E ritrovarsi seduti a tavola, tutta italiana, con una piatto di pasta e una bottiglia di vino. E parlare. E discutere. E confrontarsi.  E bere e cantare insieme. E condividere idee e piccoli gesti. Mai come ora, lontano dall’Italia, lo avevo apprezzato.San Lucas 2009 B

Luci a Malaga

Anche da queste parti si festeggia il Natale.

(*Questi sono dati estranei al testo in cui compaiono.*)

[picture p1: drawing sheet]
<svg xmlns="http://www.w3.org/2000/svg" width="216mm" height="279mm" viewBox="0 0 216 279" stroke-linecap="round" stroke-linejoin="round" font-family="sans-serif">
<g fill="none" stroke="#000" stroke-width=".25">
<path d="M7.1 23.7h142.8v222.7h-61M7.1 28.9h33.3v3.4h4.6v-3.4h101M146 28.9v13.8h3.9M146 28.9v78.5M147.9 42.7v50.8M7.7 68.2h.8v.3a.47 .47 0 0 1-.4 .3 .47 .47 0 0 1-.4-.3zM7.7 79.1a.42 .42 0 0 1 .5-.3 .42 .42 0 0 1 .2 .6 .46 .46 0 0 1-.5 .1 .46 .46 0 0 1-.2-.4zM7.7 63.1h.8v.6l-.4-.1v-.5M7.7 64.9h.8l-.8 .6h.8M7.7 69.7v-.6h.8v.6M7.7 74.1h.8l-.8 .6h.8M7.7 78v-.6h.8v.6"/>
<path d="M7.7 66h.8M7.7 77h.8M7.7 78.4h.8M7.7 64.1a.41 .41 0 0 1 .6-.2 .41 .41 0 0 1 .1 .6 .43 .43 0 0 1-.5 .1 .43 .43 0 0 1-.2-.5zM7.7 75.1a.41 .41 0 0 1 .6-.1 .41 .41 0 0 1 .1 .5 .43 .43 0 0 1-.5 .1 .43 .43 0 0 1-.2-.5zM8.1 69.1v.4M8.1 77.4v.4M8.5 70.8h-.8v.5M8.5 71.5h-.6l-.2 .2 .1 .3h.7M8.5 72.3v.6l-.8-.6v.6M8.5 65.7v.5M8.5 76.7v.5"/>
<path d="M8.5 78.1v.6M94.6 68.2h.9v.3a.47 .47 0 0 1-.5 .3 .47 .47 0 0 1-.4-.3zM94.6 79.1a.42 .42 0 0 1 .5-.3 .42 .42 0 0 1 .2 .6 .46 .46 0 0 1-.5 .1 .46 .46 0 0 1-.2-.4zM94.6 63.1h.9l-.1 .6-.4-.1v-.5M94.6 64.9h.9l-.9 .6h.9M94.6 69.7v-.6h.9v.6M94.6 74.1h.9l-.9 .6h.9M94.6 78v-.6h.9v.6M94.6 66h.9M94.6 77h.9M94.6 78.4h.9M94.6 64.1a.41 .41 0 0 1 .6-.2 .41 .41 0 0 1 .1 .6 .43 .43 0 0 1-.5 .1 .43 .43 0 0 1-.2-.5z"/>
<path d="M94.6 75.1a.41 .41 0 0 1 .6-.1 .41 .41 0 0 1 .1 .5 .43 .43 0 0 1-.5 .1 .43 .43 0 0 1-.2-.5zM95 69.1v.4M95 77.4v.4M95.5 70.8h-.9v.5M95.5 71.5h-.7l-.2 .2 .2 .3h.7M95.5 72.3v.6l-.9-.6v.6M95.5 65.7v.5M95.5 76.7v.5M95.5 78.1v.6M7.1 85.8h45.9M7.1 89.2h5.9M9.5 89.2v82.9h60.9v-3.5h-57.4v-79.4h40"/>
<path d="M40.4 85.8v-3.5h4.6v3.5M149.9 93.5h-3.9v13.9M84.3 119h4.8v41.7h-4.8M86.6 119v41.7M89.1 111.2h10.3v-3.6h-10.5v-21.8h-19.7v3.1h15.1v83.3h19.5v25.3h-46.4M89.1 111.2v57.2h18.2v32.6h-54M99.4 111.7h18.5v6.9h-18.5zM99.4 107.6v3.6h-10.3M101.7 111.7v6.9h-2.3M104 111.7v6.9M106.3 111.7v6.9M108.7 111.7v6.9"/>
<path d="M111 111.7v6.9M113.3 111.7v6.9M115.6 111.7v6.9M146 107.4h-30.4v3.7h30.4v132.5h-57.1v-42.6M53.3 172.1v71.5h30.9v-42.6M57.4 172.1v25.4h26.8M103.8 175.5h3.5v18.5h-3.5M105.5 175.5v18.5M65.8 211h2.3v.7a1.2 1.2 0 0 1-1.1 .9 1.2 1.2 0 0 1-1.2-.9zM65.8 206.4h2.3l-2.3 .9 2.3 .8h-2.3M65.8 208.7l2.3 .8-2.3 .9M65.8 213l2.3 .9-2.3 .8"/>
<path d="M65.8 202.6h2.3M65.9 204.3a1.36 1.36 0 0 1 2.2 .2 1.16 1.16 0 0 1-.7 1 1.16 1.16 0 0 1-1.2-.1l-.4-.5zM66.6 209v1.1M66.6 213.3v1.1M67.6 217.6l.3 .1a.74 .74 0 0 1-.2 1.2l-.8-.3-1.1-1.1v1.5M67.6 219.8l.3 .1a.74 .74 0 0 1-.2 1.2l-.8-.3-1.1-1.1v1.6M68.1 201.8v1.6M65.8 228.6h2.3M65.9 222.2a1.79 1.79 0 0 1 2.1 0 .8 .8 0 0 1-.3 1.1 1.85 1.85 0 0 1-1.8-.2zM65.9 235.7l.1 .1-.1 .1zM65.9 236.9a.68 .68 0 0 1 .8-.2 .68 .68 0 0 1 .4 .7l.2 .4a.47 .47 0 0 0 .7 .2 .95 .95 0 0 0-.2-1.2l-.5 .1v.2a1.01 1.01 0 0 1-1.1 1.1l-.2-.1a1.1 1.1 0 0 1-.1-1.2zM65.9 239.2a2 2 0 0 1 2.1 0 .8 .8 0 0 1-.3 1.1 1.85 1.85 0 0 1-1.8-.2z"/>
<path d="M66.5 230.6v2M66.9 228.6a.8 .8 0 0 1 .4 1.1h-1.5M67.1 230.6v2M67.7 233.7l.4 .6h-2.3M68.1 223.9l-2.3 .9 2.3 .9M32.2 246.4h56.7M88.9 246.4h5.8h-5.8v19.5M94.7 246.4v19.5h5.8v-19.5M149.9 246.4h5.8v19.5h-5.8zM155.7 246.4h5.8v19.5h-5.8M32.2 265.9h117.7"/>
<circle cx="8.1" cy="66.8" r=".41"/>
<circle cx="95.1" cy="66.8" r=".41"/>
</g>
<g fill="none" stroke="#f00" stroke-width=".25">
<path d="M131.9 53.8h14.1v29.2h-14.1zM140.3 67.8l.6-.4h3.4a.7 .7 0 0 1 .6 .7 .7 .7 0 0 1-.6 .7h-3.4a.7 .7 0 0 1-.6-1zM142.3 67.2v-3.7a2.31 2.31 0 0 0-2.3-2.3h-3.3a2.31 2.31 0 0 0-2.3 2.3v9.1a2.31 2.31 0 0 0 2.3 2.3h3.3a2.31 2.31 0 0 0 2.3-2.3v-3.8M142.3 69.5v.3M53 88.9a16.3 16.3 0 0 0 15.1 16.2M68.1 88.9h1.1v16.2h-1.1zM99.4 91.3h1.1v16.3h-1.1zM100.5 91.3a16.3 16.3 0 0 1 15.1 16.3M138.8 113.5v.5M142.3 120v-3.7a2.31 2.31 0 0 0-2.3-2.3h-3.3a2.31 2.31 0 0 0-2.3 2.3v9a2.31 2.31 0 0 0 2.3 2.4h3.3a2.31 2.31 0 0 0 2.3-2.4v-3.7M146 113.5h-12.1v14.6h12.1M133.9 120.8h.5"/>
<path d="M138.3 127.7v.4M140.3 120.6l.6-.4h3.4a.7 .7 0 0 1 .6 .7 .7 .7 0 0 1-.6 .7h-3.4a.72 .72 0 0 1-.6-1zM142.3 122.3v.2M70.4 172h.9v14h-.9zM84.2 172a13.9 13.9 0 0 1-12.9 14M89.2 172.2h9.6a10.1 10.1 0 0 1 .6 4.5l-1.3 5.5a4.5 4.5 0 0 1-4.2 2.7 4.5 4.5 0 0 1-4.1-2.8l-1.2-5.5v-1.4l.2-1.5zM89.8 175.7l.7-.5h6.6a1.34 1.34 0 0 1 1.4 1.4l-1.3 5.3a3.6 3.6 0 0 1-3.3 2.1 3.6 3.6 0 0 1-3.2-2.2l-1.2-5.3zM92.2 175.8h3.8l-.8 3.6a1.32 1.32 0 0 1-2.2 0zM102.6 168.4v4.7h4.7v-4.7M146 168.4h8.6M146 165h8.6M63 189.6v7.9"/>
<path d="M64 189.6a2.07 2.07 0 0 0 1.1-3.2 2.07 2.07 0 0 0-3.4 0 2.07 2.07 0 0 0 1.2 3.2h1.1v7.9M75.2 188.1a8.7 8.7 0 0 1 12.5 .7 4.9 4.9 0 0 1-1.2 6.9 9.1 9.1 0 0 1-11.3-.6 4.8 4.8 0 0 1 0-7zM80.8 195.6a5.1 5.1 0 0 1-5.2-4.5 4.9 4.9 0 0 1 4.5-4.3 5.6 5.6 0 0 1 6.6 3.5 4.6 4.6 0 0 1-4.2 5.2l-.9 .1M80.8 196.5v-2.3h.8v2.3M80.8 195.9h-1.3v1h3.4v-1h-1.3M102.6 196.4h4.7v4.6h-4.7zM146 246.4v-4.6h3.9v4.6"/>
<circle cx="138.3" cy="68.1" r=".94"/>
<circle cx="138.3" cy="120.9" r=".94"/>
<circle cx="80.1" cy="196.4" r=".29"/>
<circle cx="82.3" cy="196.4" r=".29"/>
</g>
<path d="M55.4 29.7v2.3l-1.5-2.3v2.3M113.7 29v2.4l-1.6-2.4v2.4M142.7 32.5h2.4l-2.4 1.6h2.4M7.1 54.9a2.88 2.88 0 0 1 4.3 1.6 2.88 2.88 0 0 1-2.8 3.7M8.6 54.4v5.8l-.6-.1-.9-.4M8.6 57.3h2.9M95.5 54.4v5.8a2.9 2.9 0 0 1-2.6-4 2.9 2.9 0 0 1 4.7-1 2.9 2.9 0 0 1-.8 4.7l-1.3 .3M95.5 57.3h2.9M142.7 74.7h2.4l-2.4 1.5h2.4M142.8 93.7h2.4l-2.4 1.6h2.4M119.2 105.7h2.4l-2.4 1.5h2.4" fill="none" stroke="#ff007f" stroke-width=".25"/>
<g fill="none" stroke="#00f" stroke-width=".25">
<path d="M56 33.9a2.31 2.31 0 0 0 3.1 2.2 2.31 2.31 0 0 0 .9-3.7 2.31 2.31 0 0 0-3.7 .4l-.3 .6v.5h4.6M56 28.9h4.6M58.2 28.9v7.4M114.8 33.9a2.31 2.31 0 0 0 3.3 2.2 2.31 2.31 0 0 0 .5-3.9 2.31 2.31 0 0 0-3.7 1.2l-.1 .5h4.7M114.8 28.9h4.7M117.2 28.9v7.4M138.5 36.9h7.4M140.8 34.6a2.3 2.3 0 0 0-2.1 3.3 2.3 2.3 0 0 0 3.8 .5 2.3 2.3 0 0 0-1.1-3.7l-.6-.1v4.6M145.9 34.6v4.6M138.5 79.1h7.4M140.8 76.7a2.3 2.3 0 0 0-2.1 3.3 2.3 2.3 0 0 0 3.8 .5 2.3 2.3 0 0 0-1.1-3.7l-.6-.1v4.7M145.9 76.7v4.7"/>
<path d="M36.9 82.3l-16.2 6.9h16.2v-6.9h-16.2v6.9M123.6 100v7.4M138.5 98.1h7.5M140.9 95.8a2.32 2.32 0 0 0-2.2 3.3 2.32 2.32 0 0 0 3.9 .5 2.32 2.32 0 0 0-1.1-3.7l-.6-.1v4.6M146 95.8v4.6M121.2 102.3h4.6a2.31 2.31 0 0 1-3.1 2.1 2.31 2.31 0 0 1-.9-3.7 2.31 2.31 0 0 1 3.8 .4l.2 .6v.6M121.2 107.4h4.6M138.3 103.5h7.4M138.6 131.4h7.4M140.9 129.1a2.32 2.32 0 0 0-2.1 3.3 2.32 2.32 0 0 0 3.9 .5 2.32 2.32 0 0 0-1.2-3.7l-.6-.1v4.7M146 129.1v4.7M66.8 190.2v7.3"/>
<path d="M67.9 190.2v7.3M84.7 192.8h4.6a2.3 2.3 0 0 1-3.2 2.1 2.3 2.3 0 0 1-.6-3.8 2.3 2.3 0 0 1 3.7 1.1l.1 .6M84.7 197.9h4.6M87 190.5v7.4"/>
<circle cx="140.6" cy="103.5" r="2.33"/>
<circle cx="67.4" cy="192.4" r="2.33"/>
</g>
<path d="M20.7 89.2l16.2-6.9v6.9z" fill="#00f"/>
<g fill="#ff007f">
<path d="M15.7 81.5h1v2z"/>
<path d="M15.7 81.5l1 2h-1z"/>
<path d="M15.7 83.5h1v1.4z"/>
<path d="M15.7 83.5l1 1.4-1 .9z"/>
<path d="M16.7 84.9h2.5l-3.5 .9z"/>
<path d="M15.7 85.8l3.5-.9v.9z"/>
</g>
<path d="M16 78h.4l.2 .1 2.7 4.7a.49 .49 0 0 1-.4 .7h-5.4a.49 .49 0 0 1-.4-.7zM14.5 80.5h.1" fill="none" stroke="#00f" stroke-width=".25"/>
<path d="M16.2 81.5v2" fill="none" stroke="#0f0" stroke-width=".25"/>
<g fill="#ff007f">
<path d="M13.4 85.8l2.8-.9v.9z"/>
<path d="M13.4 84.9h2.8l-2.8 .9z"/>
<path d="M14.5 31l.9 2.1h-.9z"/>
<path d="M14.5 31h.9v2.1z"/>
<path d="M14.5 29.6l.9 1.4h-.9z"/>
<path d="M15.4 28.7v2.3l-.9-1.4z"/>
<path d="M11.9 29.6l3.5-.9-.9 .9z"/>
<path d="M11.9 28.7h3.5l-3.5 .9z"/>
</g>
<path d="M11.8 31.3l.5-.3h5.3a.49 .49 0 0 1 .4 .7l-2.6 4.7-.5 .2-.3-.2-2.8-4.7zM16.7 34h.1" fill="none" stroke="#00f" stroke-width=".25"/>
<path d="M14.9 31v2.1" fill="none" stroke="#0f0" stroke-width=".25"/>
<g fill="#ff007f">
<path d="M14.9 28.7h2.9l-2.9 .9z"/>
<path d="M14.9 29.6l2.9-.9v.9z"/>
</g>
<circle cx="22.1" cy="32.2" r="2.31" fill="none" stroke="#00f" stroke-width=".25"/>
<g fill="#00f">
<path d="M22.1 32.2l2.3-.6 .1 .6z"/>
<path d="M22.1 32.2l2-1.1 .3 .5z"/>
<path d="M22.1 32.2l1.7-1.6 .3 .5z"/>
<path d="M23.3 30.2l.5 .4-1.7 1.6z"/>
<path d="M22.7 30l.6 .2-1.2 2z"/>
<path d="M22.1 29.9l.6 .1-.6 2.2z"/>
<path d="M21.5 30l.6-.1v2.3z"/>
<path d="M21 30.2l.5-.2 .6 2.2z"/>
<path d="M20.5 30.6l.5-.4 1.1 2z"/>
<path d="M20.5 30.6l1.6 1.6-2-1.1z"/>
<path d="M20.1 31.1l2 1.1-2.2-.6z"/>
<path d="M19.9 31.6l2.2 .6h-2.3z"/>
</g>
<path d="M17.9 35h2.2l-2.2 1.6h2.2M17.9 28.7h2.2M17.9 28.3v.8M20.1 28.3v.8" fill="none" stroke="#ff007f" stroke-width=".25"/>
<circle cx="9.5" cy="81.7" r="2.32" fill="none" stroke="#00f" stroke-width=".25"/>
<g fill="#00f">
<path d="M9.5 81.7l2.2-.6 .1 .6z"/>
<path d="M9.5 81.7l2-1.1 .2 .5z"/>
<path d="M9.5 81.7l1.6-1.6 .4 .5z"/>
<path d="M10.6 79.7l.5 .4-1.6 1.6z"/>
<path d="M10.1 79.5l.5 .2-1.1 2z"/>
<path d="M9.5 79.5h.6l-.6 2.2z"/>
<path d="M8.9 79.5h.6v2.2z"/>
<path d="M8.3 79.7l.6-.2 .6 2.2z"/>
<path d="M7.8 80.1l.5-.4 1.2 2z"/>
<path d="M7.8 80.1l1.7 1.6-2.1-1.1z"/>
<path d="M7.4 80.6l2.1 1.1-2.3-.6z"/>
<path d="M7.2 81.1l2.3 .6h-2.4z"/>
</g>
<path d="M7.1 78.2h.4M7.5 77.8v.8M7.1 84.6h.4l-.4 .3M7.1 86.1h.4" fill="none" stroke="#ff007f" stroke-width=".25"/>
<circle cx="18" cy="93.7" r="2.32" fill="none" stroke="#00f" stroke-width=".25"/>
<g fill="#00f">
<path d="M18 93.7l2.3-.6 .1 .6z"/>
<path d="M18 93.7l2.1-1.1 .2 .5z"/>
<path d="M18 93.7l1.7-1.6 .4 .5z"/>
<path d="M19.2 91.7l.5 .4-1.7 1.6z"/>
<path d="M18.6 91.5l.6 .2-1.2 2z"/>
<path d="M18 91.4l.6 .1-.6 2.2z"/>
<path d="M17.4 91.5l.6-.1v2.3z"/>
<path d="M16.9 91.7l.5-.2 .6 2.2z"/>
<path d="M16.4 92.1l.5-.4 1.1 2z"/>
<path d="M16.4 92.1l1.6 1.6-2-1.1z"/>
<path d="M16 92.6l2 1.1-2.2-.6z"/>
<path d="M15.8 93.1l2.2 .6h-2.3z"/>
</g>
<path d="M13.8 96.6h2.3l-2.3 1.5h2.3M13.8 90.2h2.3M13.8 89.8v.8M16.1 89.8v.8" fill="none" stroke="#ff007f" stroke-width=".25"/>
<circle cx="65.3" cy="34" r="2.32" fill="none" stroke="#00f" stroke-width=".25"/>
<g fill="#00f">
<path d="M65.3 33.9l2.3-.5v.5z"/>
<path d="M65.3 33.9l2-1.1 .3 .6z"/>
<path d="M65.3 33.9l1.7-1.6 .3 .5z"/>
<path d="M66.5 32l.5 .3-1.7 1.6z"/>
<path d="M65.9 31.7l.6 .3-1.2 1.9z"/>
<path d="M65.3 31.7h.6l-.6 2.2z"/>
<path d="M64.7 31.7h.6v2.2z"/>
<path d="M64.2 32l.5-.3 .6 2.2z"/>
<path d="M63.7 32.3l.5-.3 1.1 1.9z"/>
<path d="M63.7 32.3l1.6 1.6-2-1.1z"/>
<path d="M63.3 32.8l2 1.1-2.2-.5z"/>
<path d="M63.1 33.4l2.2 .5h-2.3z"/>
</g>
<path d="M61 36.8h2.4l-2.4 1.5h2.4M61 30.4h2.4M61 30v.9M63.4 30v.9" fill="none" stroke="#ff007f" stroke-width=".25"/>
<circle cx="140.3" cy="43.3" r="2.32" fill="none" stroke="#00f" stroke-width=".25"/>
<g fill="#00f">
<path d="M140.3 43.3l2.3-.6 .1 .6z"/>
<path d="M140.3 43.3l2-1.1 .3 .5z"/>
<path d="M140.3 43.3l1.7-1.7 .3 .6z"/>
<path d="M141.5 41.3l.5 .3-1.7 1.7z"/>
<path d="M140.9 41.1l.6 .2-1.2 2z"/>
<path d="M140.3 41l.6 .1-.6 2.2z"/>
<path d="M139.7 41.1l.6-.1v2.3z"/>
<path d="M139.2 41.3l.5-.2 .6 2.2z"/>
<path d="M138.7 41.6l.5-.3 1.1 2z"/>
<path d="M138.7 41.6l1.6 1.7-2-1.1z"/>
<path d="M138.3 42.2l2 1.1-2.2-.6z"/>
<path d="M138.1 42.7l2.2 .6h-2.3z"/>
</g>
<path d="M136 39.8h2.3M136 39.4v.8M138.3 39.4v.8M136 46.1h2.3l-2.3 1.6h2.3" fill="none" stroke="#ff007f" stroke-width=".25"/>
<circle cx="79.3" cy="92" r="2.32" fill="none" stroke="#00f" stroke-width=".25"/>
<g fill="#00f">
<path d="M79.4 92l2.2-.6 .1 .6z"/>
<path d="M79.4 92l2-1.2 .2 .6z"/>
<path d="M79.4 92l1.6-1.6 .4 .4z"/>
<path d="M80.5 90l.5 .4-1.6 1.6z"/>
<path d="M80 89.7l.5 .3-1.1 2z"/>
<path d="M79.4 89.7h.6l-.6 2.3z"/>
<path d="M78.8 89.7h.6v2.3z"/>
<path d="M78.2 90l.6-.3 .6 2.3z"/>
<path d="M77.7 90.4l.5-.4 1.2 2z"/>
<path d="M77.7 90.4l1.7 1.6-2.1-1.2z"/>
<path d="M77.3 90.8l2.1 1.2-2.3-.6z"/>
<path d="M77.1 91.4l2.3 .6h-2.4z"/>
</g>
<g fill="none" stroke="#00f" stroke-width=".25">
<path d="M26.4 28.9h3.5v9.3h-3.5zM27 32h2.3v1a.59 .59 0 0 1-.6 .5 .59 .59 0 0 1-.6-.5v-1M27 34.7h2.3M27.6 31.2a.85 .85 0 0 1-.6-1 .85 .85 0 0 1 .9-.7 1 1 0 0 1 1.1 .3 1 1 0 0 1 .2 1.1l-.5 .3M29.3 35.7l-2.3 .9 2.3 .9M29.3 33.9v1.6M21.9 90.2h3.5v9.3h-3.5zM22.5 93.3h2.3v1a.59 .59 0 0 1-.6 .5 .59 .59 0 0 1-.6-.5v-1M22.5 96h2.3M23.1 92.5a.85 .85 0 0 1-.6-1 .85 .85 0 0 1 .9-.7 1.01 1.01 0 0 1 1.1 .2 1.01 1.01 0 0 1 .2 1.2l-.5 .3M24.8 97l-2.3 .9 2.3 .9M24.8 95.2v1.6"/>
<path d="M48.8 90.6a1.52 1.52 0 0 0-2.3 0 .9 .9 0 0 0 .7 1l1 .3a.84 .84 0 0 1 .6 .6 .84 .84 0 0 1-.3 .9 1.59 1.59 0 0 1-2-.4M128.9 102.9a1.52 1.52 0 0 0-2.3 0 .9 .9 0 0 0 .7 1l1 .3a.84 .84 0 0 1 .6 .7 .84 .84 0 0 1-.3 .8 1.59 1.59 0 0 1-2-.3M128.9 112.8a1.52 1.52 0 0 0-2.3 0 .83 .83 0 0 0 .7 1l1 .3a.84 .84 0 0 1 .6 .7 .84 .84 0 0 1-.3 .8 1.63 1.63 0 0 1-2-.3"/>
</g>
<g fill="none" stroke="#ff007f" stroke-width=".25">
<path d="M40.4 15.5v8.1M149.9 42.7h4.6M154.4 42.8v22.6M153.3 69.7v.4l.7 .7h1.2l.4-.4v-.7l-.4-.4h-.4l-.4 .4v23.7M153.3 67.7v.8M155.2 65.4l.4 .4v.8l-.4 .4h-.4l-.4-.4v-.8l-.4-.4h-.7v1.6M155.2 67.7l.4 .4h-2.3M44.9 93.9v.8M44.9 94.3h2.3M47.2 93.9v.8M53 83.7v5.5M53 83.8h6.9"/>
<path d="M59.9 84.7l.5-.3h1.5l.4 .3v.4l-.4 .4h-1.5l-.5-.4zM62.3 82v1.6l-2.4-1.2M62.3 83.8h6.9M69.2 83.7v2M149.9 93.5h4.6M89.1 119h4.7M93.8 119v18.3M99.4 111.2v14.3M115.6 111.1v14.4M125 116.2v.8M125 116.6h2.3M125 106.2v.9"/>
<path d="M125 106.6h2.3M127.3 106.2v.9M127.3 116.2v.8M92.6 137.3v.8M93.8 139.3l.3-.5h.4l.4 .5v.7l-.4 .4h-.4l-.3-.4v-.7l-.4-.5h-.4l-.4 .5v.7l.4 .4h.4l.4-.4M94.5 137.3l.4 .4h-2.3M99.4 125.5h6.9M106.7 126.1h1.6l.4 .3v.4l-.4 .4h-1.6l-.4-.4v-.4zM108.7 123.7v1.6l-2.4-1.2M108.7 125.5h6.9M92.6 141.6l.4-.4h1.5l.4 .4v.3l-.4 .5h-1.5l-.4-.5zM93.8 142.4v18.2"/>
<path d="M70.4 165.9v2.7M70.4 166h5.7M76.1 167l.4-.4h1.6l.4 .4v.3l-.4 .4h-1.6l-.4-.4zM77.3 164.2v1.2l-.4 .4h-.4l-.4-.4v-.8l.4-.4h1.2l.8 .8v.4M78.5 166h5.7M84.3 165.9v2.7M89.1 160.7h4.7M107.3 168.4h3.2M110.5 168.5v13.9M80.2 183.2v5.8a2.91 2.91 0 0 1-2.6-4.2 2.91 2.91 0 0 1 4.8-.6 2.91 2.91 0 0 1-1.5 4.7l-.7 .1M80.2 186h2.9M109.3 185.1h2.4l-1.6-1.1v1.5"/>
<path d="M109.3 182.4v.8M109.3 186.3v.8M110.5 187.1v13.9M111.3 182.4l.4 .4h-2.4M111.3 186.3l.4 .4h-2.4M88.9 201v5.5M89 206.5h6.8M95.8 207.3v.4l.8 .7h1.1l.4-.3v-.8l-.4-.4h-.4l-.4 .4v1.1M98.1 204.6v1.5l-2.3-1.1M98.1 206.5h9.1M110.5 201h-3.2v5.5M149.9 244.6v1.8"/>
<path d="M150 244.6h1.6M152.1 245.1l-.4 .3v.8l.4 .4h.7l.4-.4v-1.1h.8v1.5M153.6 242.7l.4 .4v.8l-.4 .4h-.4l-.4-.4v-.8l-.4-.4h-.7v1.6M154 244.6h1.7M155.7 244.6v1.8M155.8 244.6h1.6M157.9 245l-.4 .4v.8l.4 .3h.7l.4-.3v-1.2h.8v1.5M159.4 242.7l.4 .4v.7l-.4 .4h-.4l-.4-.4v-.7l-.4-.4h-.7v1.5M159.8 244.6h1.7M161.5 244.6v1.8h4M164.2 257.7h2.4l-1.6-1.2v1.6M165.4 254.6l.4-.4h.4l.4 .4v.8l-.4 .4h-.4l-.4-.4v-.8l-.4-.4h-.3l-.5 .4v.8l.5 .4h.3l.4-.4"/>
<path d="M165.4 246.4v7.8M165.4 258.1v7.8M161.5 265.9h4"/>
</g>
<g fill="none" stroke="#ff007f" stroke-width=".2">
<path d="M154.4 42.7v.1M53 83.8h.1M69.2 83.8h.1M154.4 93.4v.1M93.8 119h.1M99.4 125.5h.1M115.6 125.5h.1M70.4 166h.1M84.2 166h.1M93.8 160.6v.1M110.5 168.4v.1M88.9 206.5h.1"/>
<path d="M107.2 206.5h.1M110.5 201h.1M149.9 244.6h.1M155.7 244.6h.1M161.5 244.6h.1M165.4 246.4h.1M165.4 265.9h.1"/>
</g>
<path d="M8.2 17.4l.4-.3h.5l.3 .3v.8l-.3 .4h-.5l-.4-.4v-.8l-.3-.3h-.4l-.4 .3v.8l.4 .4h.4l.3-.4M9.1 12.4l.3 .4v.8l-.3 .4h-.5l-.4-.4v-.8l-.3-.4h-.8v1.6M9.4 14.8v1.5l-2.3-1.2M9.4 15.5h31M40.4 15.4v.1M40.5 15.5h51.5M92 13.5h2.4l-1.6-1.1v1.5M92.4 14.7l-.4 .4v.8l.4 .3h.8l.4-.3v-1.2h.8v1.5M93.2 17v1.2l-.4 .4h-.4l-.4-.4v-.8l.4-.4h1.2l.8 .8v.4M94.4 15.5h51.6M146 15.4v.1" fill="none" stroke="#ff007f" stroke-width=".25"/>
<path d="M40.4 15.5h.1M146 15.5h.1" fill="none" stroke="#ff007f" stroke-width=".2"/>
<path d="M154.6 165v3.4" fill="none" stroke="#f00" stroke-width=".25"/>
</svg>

Niente di più normale, non c’è dubbio.

Ma la sensazione rimane strana. Come quando si vedono le luci di Natale accese a metà novembre, che ti sembrano fuori luogo e fuori tempo, quel pensiero qui permane anche agli inizi di dicembre quando ormai realmente l’atmosfera natalizia si dovrebbe sentire.

Fondamentalmente fa troppo caldo, in Plaza de la Costituciòn ci sono le palme e una ragazza scozzese cammina pochi metri davanti a me in infradito quando sono le 9 del mattino del 4 dicembre ( va bene forse gli scozzesi non sono un buon termometro in quanto a percezione della temperatura esterna).

La città in pochi giorni si è riempita di luci, di decorazioni, di stelle di natale: lo spettacolo e l’atmosfera sarebbero fantastici. Ogni via e ogni angolo sono illuminati, l’albero e il presepe non mancano e qualche spagnolo addirittura tira fuori il piumino, i guanti e la sciarpa provando a farlo sembrare un clima più natalizio.

Ma senza quella sensazione di freddo che sempre vorresti evitare, che ti spinge a rintanarti in un bar del centro per bere una cioccolata bollente, che mai penseresti che possa mancare e per la quale sicuramente mi lamenterò non appena il mio aereo atterrerà a Malpensa quando tornerò.  Bè senza quella faccio fatica a pensare che sia davvero tempo di Natale.

Malaga: rischio jet lag

Non ho ancora deciso se Malaga città mi piace. Dopo più di un mese che sono qui. Sicuramente non si può dire che è tra le più belle città che io abbia visto, non offre moltissimo alla propria sensibilità estetica. Però ogni tanto è in grado di dare tocchi e squarci di romanticismo: il porto al tramonto; la cattedrale e l’alcazaba illuminate nella notte; i vicoli infiniti e irrazionali. Non ho ancora deciso quindi se Malaga città mi piace: ogni volta che dico che è brutta riesce a rimandare il mio giudizio definitivo un’altra volta regalandomi qualche istantanea sorprendente.malaga-spain1

Ma probabilmente non è dalle sue mura che bisogna aspettarsi molto, bensì dalla sua vita movimentata che col tempo si impara a conoscere. E i Malagheni sembra che se la sappiano godere, la vita. Soprattutto quella notturna. E riguardo a ciò, bisogna chiarire subito che seppure l’ora che vedo in questo momento sull’orologio è la stessa che vede un italiano sul proprio, a Malaga si vive ad un fuso orario di almeno due ore indietro. Si pranza verso le tre del pomeriggio. E’ vietato cenare prima delle 10. Se provo a fare un’aperitivo all’ora in cui la farei a Varese mi trovo al tavolino di fianco una famiglia o una coppia che mangia una fetta di torta con una tazza di tè per la merenda. E di conseguenza è normalità vedere strade affollate alle due di notte come posso trovare il corso Matteotti solo nel sabato pomeriggio e altrettanto è comune che la “serata”  finisca alle sette del mattino durante il weekend, soprattutto per i giovani ovviamente.

Ai Malagheni piace far festa insomma. Ogni occasione è buona. E se un giorno festivo cade di domenica, bè, niente di più facile che spostarlo e fare vacanza il lunedì, così anche la domenica sera si può uscire.

In tutto questo mi devono spiegare perchè i poveri studenti di medicina, contro ogni logica e contro il “fuso orario” della città, devono andare a lezione alle otto del mattino.

Il mio coinquilino argentino Oscar spiega questo stile di vita con il sole e il caldo, presente tutto l’anno in Andalusia. Può aver ragione visto che stiamo vivendo i primi giorni di novembre e la temperatura è ancora costantemente sopra i venti gradi. L’autunno non ha ancora dato segno di sè.

O forse semplicemente l’autunno qui non esiste. Solo le castagne vendute a pochi metri dal mare provano a ricordarlo.

E non oso dire che mi mancano i colori dell’autunno, non so quali reazioni e imprecazioni potrei provocare.